Microsoft Removes Conservative Sites from ‘Secret Blacklist’ of Blocked Advertisers

Microsoft has removed the “negative flags” for conservative news outlets, including Newsmax, that were blocked from getting key advertising dollars, according to the Washington Examiner.

The publication reported on internal data obtained from Microsoft, which showed that the company was doing a review and suspending its subscription to a tracking group that aimed to defund what it saw as “disfavored speech.”

Microsoft-owned advertising company Xandr had previously adhered to a “secret blacklist” of conservative news put together by the Global Disinformation Index (GDI), a British organization with two affiliated U.S. nonprofits.

Microsoft now appears to be distancing itself from GDI and has deleted flags such as “false/misleading” and “reprehensible/offensive” for right-leaning websites.

An unnamed executive in the advertising industry confirmed to the Examiner that all rejection flags had been removed from the domains.

Xandr had labeled 39 conservative domains as “false/misleading,” including Townhall, whose publisher is Salem Media Group, which was flagged as “reprehensible/offensive.”

The Washington Examiner, along with other sites such as Newsmax, the Daily Wire, RealClearPolitics, Drudge Report, Breitbart, the Blaze, the Washington Times, Judicial Watch, and the Media Research Center affiliate MRC.TV was also among those flagged as “false/misleading.”

However, an internal Xandr dataset showed that all of these websites no longer have a designation, though it’s unclear if they are receiving ads from certain brands without an “approved” classification.

A Microsoft spokesperson told the Examiner, “We try to take a principled approach to accuracy and fighting foreign propaganda. We’re working quickly to fix the issue, and Xandr has stopped using GDI’s services while we are doing a larger review.”

In September 2022, Xandr informed publishers that it would start to adopt GDI’s “dynamic exclusion list,” which the organization feeds to ad companies.

This list may include at least 2,000 websites and is said to have tried to pressure companies to shut down certain sites.

GDI compiles the list with oversight from its own “advisory panel,” which includes Ben Nimmo, global lead for threat intelligence at Facebook parent company Meta, and left-leaning journalist Anne Applebaum.

The organization claims that the 10 “riskiest” outlets are Newsmax, the American Spectator, the Federalist, the American Conservative, One America News Network, the Blaze, the Daily Wire, RealClearPolitics, Reason, and the New York Post.

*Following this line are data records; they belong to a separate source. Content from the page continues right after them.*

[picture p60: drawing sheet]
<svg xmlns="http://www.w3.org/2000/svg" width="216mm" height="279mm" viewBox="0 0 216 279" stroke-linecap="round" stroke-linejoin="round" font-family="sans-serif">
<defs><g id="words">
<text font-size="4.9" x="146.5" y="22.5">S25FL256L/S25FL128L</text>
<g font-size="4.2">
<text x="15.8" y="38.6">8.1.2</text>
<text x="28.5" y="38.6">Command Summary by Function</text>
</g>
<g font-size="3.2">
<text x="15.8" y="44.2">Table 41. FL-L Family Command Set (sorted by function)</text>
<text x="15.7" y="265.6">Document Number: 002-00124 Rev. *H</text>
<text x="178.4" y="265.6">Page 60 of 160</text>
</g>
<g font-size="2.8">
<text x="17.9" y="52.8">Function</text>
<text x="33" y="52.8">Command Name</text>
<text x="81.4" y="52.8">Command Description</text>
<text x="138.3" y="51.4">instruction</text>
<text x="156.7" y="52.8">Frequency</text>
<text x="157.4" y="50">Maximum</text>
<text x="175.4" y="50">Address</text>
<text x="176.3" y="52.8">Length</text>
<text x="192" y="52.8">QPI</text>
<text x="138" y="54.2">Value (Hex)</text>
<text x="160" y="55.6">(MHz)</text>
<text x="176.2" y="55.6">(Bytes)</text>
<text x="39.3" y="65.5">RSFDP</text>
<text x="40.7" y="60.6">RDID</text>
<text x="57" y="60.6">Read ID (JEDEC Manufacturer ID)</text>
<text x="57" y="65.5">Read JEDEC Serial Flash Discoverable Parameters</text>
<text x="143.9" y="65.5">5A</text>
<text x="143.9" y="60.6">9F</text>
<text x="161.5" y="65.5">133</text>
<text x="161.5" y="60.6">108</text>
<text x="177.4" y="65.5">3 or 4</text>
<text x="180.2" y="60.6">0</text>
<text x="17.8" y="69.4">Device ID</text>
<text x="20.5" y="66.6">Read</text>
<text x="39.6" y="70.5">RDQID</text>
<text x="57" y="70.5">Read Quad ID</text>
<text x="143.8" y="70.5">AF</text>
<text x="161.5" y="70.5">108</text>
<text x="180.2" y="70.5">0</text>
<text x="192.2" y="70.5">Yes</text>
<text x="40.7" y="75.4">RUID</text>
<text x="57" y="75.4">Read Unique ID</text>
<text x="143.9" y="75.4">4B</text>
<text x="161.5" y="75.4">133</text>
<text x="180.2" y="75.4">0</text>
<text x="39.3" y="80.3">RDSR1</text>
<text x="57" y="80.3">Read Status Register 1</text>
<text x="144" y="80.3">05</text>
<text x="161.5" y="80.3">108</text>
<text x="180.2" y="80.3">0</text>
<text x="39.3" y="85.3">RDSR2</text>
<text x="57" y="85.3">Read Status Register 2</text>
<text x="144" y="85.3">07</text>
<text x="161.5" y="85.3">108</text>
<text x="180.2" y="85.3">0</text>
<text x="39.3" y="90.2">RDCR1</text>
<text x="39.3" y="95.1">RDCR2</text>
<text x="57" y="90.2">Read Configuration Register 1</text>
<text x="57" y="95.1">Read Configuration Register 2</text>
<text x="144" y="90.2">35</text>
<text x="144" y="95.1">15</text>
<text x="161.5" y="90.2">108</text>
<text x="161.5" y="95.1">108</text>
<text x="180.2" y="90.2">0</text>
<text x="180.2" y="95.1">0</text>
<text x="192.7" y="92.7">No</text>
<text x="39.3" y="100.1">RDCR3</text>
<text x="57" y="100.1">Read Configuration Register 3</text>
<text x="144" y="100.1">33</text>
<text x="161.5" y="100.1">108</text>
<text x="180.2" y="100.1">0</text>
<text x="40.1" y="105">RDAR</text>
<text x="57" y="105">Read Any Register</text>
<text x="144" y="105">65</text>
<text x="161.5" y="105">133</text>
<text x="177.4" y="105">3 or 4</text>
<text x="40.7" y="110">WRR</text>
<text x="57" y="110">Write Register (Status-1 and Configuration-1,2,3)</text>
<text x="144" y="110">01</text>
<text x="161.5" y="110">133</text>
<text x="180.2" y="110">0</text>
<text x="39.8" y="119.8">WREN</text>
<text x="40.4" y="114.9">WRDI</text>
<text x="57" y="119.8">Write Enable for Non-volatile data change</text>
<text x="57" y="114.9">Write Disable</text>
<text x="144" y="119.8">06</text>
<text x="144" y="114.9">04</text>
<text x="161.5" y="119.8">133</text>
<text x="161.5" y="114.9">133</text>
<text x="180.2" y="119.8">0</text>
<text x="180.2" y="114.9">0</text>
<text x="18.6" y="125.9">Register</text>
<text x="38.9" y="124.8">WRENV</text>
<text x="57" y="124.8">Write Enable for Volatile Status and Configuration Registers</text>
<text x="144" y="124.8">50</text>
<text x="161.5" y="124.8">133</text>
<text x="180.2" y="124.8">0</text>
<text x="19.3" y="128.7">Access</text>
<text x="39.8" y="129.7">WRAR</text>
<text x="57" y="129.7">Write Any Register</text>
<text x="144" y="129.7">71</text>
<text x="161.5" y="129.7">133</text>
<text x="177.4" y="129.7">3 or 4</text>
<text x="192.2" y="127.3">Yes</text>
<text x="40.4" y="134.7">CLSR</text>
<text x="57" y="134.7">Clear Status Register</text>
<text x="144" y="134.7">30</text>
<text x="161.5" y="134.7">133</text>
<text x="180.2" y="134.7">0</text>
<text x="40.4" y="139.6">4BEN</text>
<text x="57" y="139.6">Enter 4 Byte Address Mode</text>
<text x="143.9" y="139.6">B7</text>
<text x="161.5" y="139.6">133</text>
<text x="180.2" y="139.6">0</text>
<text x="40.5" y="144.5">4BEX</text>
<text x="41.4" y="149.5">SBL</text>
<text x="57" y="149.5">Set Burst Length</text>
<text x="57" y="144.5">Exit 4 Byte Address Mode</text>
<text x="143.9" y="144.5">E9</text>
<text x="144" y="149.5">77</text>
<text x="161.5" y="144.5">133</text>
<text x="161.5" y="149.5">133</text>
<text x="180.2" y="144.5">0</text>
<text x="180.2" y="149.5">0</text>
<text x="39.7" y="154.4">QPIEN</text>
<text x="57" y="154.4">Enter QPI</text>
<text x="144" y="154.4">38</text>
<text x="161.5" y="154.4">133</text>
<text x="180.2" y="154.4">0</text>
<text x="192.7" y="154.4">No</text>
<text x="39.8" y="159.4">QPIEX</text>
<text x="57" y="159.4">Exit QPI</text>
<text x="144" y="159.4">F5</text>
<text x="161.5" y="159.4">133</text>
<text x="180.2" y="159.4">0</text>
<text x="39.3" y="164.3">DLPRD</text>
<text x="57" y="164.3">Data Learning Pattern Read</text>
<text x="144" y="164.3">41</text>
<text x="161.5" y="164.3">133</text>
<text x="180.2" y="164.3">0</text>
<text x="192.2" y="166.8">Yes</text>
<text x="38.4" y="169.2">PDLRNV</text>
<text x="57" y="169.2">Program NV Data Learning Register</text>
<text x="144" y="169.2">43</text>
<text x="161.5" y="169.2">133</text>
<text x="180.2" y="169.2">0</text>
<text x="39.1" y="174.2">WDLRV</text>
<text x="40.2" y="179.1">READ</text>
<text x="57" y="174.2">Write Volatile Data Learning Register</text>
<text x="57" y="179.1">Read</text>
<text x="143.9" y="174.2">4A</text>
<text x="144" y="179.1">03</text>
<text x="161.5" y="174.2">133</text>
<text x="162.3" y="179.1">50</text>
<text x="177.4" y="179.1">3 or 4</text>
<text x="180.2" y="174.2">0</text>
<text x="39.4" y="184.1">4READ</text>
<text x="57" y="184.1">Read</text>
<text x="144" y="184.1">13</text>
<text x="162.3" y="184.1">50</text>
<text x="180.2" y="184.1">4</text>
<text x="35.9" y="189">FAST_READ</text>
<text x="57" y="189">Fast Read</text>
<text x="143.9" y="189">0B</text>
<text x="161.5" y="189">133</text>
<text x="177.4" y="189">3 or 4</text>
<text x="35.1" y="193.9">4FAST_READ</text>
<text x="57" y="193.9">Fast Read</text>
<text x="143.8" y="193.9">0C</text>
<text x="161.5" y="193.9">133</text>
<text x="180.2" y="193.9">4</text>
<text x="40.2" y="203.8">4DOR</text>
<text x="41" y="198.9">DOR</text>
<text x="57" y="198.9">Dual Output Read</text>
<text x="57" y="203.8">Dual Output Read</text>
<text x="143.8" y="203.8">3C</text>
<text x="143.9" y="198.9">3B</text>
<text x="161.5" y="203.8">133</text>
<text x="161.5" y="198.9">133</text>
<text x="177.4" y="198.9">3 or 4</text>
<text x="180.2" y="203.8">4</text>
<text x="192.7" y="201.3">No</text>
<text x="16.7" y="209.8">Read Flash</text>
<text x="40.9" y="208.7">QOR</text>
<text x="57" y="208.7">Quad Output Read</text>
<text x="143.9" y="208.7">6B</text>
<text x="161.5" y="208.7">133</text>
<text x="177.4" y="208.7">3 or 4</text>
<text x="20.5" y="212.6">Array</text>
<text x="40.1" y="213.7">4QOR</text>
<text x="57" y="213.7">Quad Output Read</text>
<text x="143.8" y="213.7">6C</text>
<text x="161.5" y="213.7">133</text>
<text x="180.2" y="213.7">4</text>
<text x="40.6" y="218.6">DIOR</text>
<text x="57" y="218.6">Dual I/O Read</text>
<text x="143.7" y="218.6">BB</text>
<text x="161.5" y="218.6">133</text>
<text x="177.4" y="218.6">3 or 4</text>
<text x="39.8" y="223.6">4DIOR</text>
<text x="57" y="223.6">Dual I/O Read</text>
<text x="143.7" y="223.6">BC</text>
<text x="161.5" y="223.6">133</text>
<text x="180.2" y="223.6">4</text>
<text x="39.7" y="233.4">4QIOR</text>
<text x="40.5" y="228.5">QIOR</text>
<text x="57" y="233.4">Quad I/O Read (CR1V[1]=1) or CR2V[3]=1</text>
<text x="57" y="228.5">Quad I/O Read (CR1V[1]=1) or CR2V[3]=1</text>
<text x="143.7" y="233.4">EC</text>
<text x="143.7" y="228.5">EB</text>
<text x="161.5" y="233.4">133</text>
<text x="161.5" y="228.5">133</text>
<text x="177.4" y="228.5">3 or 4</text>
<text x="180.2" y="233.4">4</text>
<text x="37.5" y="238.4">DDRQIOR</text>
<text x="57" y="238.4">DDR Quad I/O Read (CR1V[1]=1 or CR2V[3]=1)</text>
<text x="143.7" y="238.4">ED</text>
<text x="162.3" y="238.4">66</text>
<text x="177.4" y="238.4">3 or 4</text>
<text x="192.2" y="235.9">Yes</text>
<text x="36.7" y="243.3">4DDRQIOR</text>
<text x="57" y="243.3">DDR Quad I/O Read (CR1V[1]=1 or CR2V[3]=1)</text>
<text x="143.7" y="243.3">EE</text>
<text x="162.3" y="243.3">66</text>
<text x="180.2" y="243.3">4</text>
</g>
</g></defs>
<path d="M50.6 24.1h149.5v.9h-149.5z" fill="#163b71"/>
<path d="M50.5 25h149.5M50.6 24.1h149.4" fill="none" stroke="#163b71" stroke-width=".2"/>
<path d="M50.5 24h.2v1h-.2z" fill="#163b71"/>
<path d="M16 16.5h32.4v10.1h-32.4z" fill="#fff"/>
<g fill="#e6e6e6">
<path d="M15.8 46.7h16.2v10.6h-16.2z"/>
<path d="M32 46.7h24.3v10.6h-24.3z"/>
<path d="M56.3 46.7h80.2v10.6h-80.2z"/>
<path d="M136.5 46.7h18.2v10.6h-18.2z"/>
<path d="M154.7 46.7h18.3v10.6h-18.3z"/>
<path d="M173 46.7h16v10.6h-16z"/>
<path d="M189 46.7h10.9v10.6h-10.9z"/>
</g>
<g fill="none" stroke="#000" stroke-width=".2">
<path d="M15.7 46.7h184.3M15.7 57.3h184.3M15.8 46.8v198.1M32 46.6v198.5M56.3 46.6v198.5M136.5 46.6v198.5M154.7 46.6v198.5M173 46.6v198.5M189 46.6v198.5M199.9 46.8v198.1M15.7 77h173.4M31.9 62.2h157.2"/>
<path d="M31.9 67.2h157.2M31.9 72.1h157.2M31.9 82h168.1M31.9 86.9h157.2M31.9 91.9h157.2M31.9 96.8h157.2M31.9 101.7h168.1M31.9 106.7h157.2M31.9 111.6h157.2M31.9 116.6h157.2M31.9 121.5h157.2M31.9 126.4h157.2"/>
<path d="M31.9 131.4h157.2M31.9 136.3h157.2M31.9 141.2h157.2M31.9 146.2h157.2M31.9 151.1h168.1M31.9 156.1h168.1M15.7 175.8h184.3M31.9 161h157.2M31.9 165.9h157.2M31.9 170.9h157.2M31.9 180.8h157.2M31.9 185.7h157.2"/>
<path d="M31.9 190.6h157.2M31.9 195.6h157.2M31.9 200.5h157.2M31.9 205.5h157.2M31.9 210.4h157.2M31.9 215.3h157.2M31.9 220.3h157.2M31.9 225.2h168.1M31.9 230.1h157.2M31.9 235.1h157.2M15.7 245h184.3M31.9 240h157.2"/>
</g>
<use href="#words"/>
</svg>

The 10 “least risky” websites, according to GDI, are NPR, ProPublica, the Associated Press, Insider, the New York Times, USA Today, the Washington Post, Buzzfeed News, HuffPost, and the Wall Street Journal.

The Washington Examiner also reported that watchdogs raised concerns over the Department of State funding GDI, which has reportedly received $330,000 from the agency through the Global Engagement Center and the National Endowment for Democracy, a nonprofit mostly funded through congressional appropriations.

Rep. Michael McCaul, R-Texas, who chairs the House Foreign Affairs Committee that oversees State Department grants, said that the “most recent allegations, if verified, confirm the need for a strict accounting of all U.S. taxpayer funds going to the GEC.”